If you never work with performance-critical code, consider yourself lucky. However, I consider this scenario unrealistic. Performance problems could occur anywhere. And then it's necessary to know how to fix that problem. Obviously, merely knowing a few algorithm names isn't enough here – unless you want to implement them all and try them out one after the other.
No, knowing (at least some of) the inner workings of different algorithms is important for gauging their strengths and weaknesses and for analyzing how they would handle your situation.
Obviously, if there's a library already implementing exactly what you need, you're incredibly lucky. But let's face it, even if there is such a library, using it is often not completely straightforward (at the very least, interfaces and data representation often have to be adapted) so it's still good to know what to expect.
A* for a pac man clone. It took me weeks to really get but to this day I consider it a thing of beauty.
I've had to implement some of the classical algorithms from numerical analysis. It was easier to write my own than to connect to an existing library. Also, I've had to write variations on classical algorithms because the textbook case didn't fit my application.
For classical data structures, I nearly always use the standard libraries, such as STL for C++. The one time recently when I thought STL didn't have the structure I needed (a heap) I rolled my own, only to have someone point out almost immediately that I didn't need to do that.
Classical algorithms I have used in actual work:
A topological sort
A red-black tree (although I will
confess that I only had to implement
insertions for that application and
it only got used in a prototype).
This got used to implement an
'ordered dict' type structure in
Python.
A priority queue
State machines of various sorts
Probably one or two others I can't remember.
As to the second part of the question:
An understanding of how the algorithms work, their complexity and semantics gets used on a fairly regular basis. They also inform the design of systems. Occasionally one has to do things involving parsing or protocol handling, or some computation that's slightly clever. Having a working knowledge of what the algorithms do, how they work, how expensive they are and where one might find them lying around in library code goes a long way to knowing how to avoid reinventing the wheel poorly.
I use the Levenshtein distance algorithm to help implement a 'Did you mean [suggested word]?' feature in our website search.
Works quite well when combined with our 'tagging' system, which allows us to associate extra words (other than those in title/description/etc) with items in the database. \
It's not perfect by any means, but it's way better than most corporate site searches, if I don't say so myself ; )
Classical algorithms are usually associated with something glamorous, like games, or Web search, or scientific computation. However, I had to use some of the classical algorithms for a mere enterprise application.

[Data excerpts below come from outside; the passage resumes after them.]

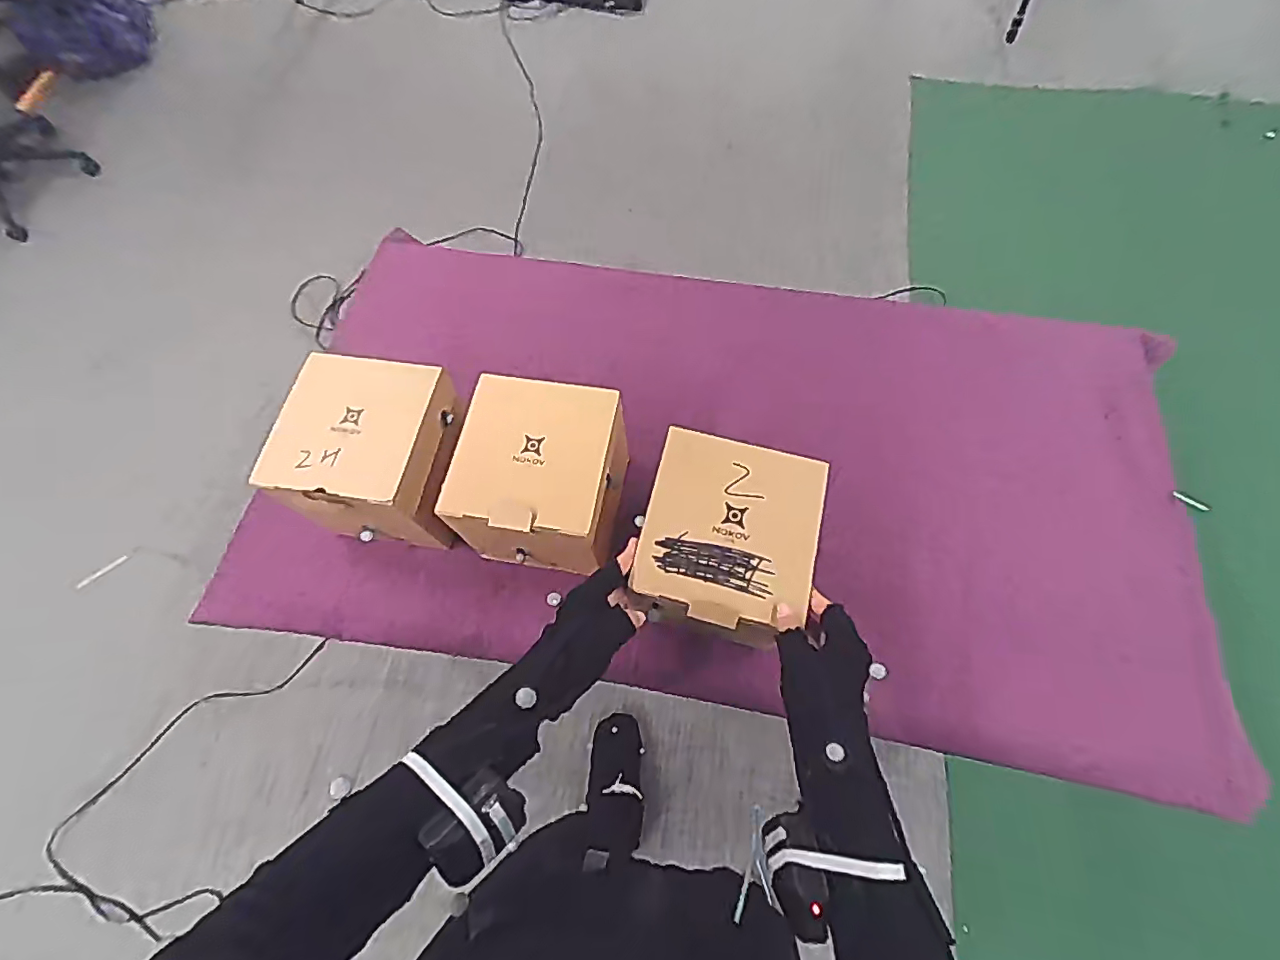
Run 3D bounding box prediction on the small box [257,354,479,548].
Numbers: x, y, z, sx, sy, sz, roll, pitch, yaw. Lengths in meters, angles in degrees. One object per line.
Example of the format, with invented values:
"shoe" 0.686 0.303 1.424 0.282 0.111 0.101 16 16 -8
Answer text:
"small box" -0.319 -0.030 0.682 0.168 0.176 0.179 8 67 6
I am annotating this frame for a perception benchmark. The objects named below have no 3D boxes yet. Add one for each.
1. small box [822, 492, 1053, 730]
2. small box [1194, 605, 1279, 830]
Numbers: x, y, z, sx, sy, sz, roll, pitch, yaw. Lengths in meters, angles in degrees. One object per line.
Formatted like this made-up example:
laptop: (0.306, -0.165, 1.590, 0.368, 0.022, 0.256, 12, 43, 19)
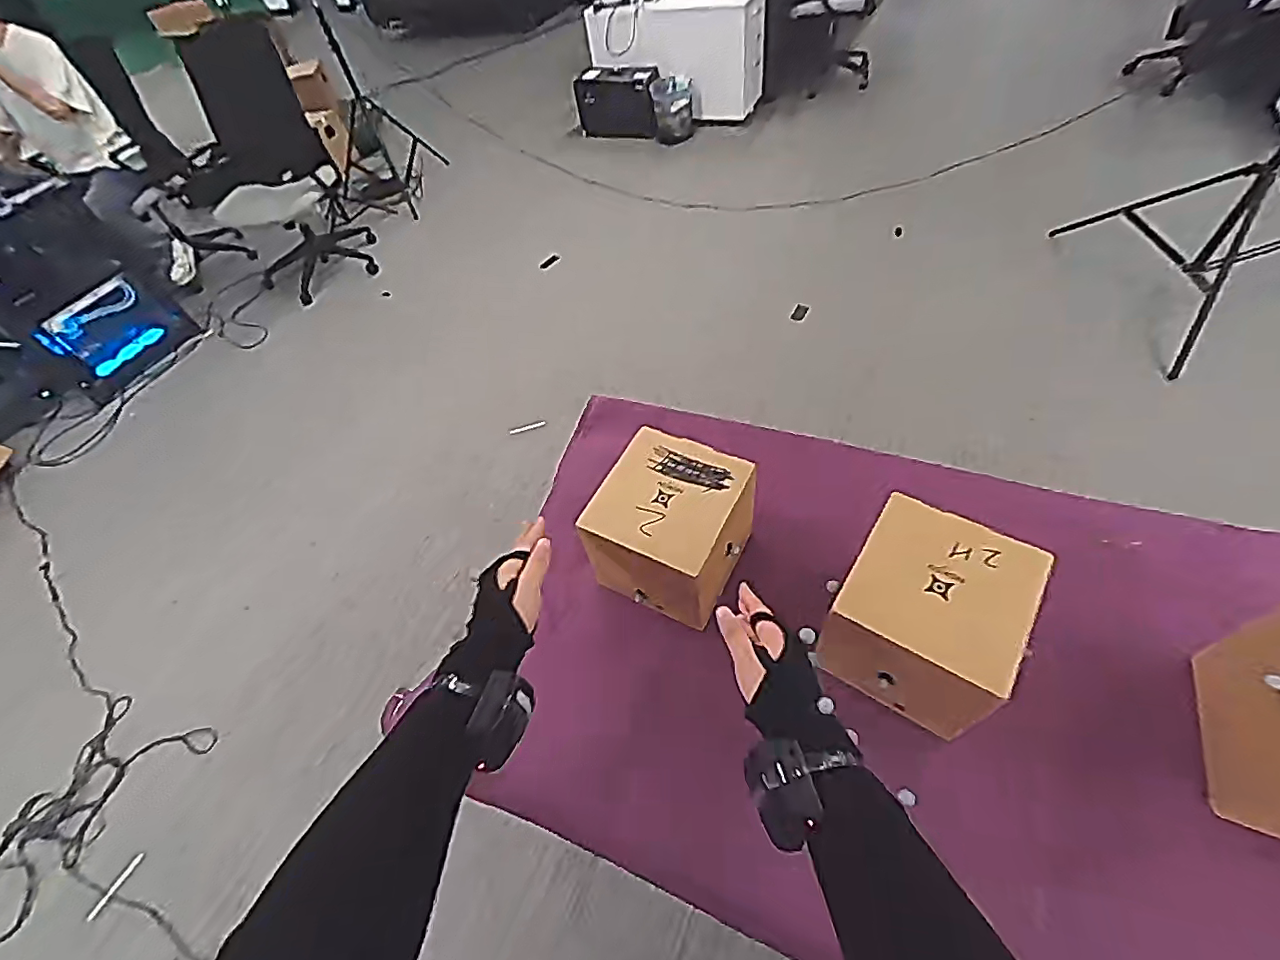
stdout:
small box: (0.323, 0.153, 0.619, 0.168, 0.176, 0.179, 27, 61, 26)
small box: (0.669, 0.239, 0.495, 0.168, 0.176, 0.179, 15, 56, 21)
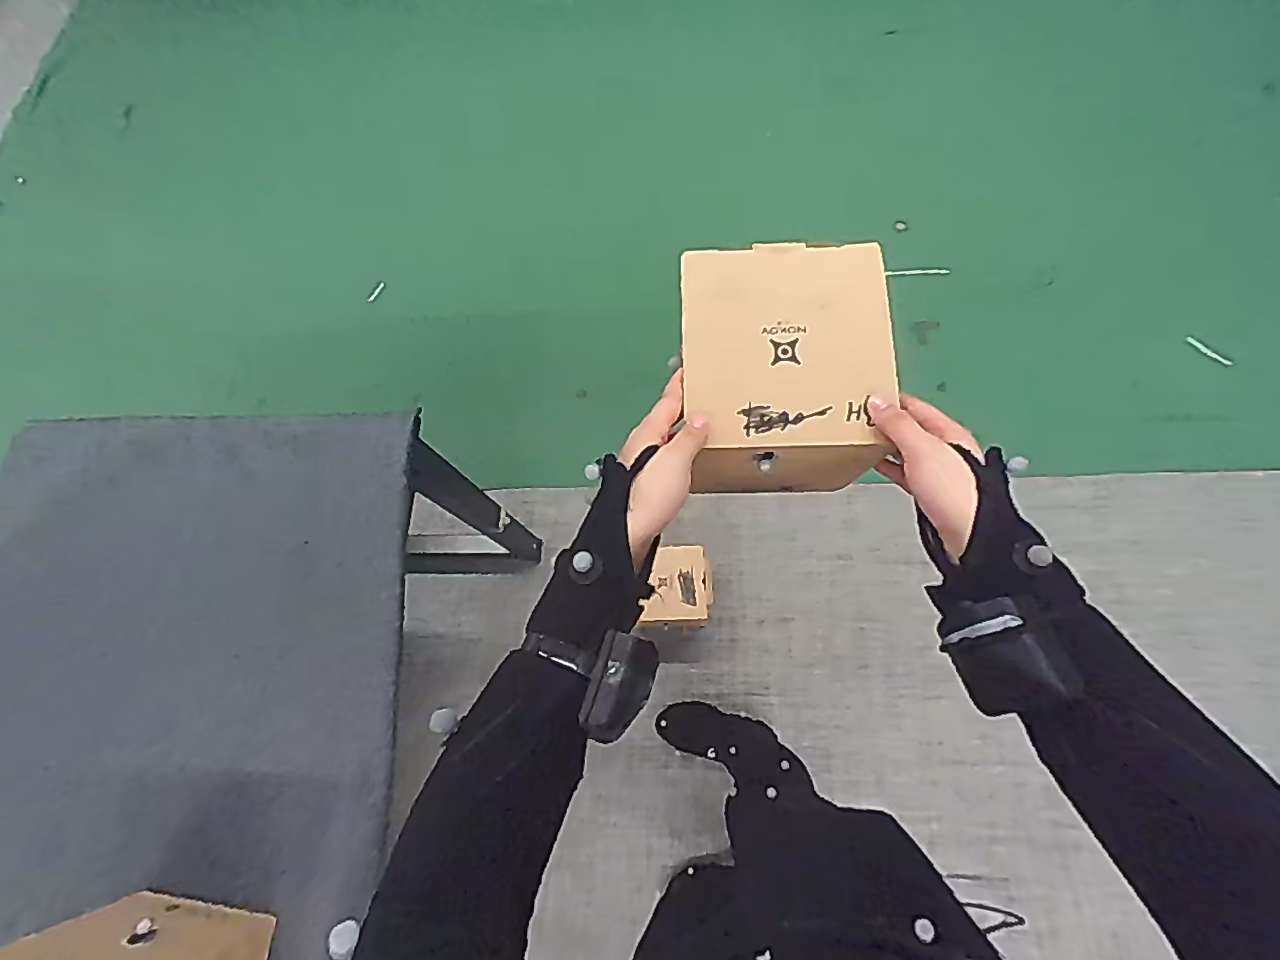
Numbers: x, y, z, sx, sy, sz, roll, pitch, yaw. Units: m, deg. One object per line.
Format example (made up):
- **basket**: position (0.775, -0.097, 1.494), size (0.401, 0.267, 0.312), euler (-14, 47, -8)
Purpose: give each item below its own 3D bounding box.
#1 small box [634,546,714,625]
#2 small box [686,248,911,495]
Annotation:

I was building a metadata migration tool, and I had to use topological sort for dependency resolution, various forms of graph traversals for queries on metadata, and a modified variation of Tarjan's union-find datastructure to partition forest-like structured metadata to trees.
That was a really satisfying experience. Most of those algorithms were implemented before, but their implementations lacked something that I would need for my task. That's why It's important to understand their internals.